Tags: #Drama, Histórico

Mientras se encontraba en ese estado de ánimo le sorprendió la noticia de la muerte de su madre. Estaba pasando unos días en una finca que acababa de comprar, arriba en las estribaciones de las montañas, donde el clima era fresco y permitía a la familia protegerse de los temibles calores del verano carioca. Una carta de su hermano Miguel, en términos sorprendentemente afectuosos, le anunciaba:
«Mi querido hermano de mi mayor estima. Nuestra madre ha tenido una muerte verdaderamente cristiana y no se ha olvidado del hijo ausente…»
Aludía a una joya legada por su madre y a parte de la herencia de don Juan que le correspondía al emperador.

—Ya no firma «Miguel» —comentó Pedro, visiblemente irritado—. Esta carta la ha redactado, sin duda, un secretario; él no sabe escribir así…

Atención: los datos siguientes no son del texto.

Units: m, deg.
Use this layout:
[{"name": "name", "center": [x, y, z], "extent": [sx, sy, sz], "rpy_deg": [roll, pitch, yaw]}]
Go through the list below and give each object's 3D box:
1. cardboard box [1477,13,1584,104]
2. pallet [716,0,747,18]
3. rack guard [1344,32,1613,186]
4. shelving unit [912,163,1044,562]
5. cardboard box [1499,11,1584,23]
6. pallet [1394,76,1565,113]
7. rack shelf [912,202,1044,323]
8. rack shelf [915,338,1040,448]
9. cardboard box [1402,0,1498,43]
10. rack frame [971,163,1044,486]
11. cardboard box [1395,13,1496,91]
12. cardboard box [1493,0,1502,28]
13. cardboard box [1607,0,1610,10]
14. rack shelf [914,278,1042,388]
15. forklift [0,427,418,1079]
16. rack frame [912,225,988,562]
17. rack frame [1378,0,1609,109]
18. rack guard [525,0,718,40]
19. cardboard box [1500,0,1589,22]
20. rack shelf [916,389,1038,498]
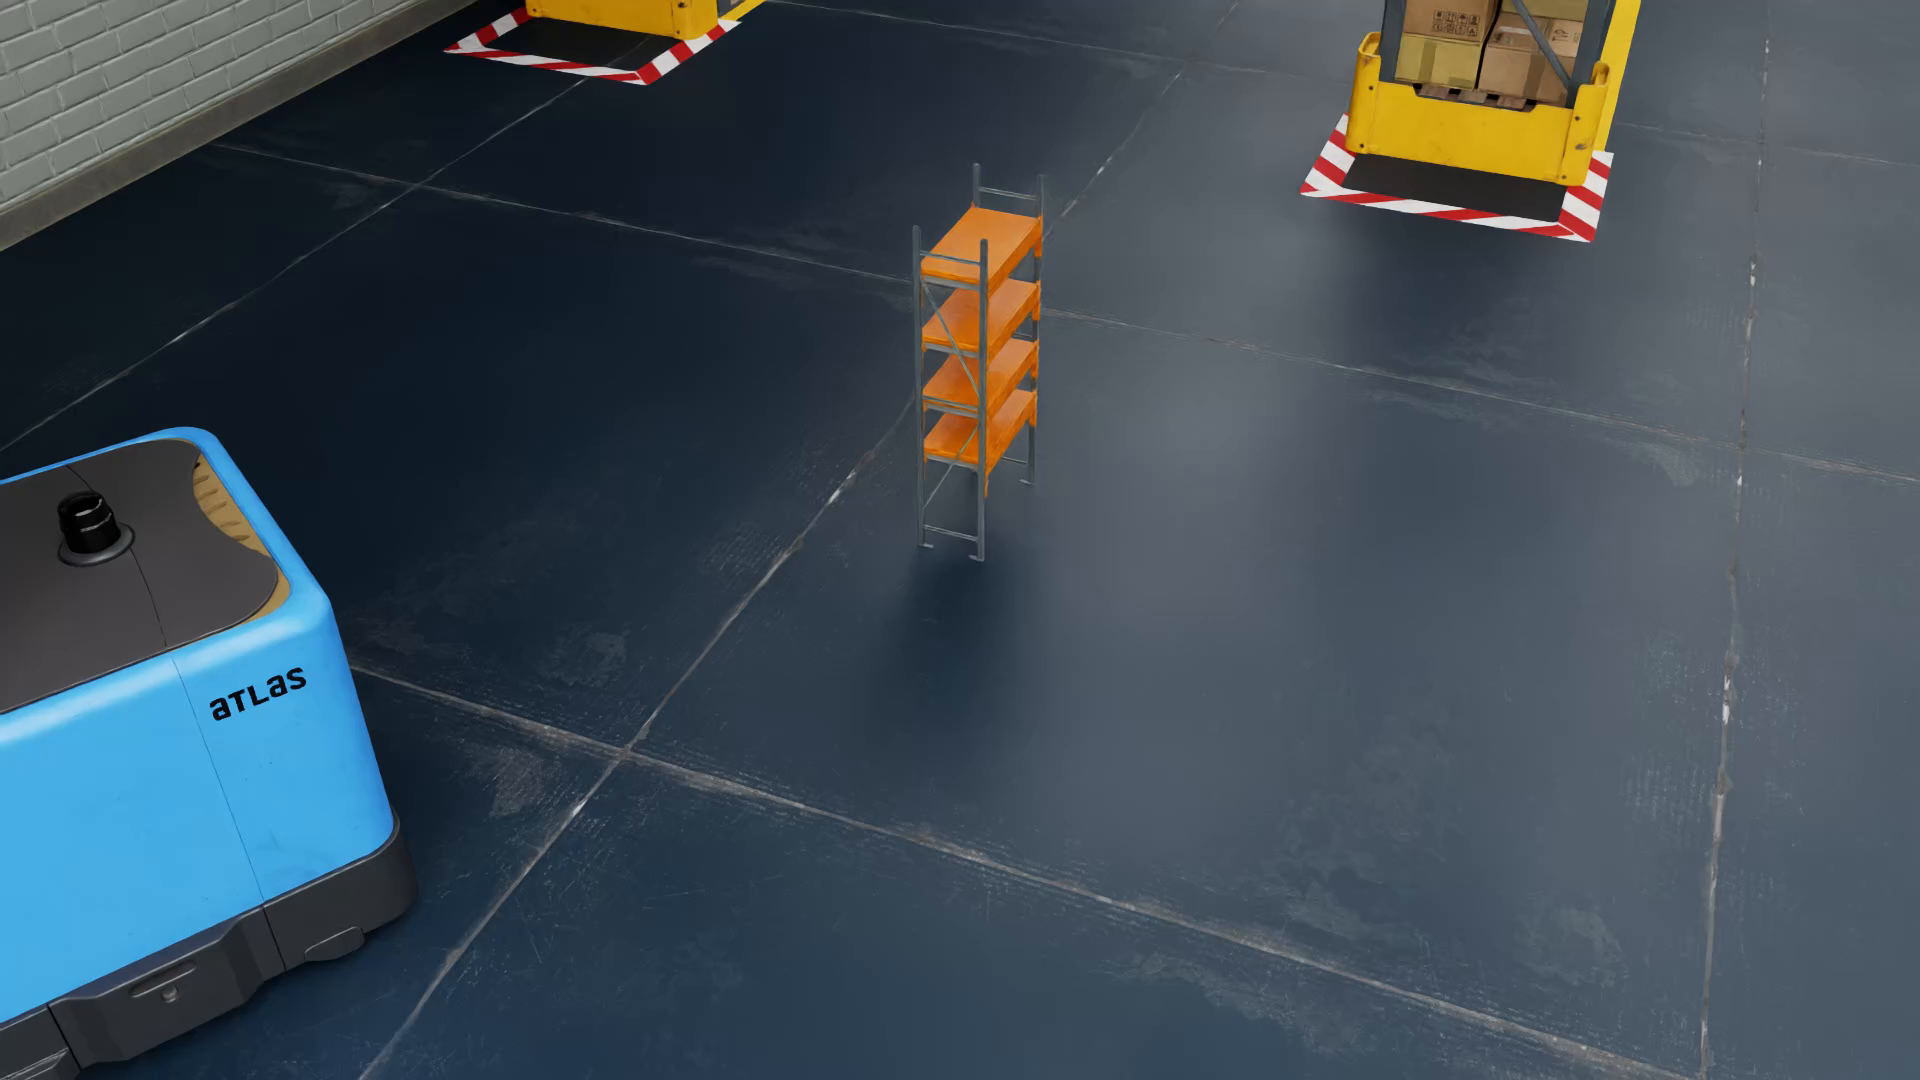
[{"name": "cardboard box", "center": [2.949, -2.454, 8.474], "extent": [0.500, 0.250, 0.500], "rpy_deg": [14, 39, 18]}, {"name": "pallet", "center": [-1.673, -3.634, 10.436], "extent": [1.003, 0.211, 1.213], "rpy_deg": [14, 39, 18]}, {"name": "rack guard", "center": [2.530, -2.127, 8.178], "extent": [1.175, 0.500, 0.348], "rpy_deg": [14, 39, 18]}, {"name": "shelving unit", "center": [0.063, -0.572, 5.513], "extent": [0.258, 1.200, 0.503], "rpy_deg": [14, 39, 18]}, {"name": "cardboard box", "center": [3.136, -2.732, 8.845], "extent": [0.500, 0.250, 0.500], "rpy_deg": [14, 39, 18]}, {"name": "pallet", "center": [2.792, -2.457, 8.861], "extent": [1.003, 0.211, 1.213], "rpy_deg": [14, 39, 18]}, {"name": "rack shelf", "center": [0.063, -0.887, 5.278], "extent": [0.258, 0.148, 0.480], "rpy_deg": [14, 39, 18]}, {"name": "rack shelf", "center": [0.063, -0.518, 5.554], "extent": [0.258, 0.148, 0.480], "rpy_deg": [14, 39, 18]}, {"name": "cardboard box", "center": [2.468, -2.873, 8.408], "extent": [0.500, 0.500, 0.500], "rpy_deg": [14, 39, 18]}, {"name": "rack frame", "center": [0.156, -0.707, 5.694], "extent": [0.240, 1.200, 0.015], "rpy_deg": [14, 39, 18]}, {"name": "cardboard box", "center": [2.470, -2.572, 8.632], "extent": [0.500, 0.250, 0.500], "rpy_deg": [14, 39, 18]}, {"name": "cardboard box", "center": [2.649, -2.852, 9.006], "extent": [0.500, 0.250, 0.500], "rpy_deg": [14, 39, 18]}, {"name": "cardboard box", "center": [3.521, -3.284, 9.585], "extent": [0.500, 0.250, 0.500], "rpy_deg": [14, 39, 18]}, {"name": "rack shelf", "center": [0.063, -0.698, 5.420], "extent": [0.258, 0.148, 0.480], "rpy_deg": [14, 39, 18]}, {"name": "forklift", "center": [-2.917, 0.120, 3.142], "extent": [3.031, 2.935, 1.130], "rpy_deg": [-24, 43, -28]}, {"name": "rack frame", "center": [-0.030, -0.437, 5.333], "extent": [0.240, 1.200, 0.015], "rpy_deg": [14, 39, 18]}, {"name": "rack frame", "center": [2.539, -3.141, 7.447], "extent": [1.000, 3.000, 0.127], "rpy_deg": [14, 39, 18]}, {"name": "rack guard", "center": [-2.014, -3.308, 9.759], "extent": [1.175, 0.500, 0.348], "rpy_deg": [14, 39, 18]}, {"name": "cardboard box", "center": [3.138, -3.032, 8.620], "extent": [0.500, 0.500, 0.500], "rpy_deg": [14, 39, 18]}, {"name": "rack shelf", "center": [0.063, -0.359, 5.673], "extent": [0.258, 0.148, 0.480], "rpy_deg": [14, 39, 18]}]

La noticia le sumió en un profundo desasosiego. Ahora, siendo huérfano de padre y madre, sabía que la siguiente generación en partir sería la suya. No guardaba demasiados recuerdos íntimos de su madre, y la tenía por responsable de la usurpación del trono de su nieta, pero era sentimental y, al fin y al cabo, se trataba de su madre. Se reconocía en su energía, en su actividad siempre febril, en su fuerza de voluntad, en lo temeraria que había sido, en su irreverente genio levantisco. Y en el amor a los caballos. La recordaba con sus modales soeces, mal arreglada y siempre con una palabra malsonante en la boca. Siempre intrigando, rígida como el acero en sus convicciones ultramontanas y ardiente como el fuego en su temperamento exuberante. Era un cúmulo de contradicciones: una mujer antigua que defendía a capa y espada el viejo mundo que desaparecía, y al mismo tiempo moderna porque nunca se resignó a ser aquello para lo que nació, una princesa consorte. Una mujer que hubiera querido ser rey. Para sus seguidores, era «el alma del absolutismo», «la nueva Helena que dio triunfo a la cruz de Jesucristo», «la mujer fuerte del Evangelio». Para los liberales y muchos portugueses, Carlota Joaquina estaba en el origen del popular dicho:
«De España ni viento ni casamiento.»
Para Pedro, una mujer que no había sabido ser una buena madre.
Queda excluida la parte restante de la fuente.